• **EXERCISE BRIEF**
Look through the entries below and report every line that has "figurine".

Data entries:
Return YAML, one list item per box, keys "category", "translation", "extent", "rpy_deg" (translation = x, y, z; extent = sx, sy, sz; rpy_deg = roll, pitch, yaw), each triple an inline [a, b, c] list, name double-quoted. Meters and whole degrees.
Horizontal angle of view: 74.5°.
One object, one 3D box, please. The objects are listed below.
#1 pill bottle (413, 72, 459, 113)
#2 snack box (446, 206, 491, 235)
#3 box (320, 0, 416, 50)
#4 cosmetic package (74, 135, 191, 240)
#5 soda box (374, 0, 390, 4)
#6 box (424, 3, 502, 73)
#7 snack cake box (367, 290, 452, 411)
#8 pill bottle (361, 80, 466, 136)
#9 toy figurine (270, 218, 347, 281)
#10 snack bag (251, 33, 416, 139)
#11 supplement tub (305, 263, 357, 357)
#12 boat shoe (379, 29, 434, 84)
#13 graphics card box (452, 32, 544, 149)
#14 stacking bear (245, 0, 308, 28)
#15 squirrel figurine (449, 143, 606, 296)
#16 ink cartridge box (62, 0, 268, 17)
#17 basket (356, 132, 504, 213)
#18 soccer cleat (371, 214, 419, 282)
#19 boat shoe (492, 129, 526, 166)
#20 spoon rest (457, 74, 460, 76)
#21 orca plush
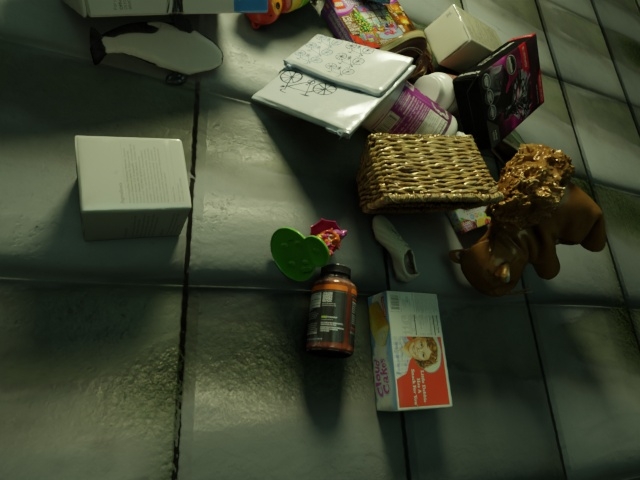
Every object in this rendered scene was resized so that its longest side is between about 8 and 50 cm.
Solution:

• **ANSWER SECTION**
#9 toy figurine (270, 218, 347, 281)
#15 squirrel figurine (449, 143, 606, 296)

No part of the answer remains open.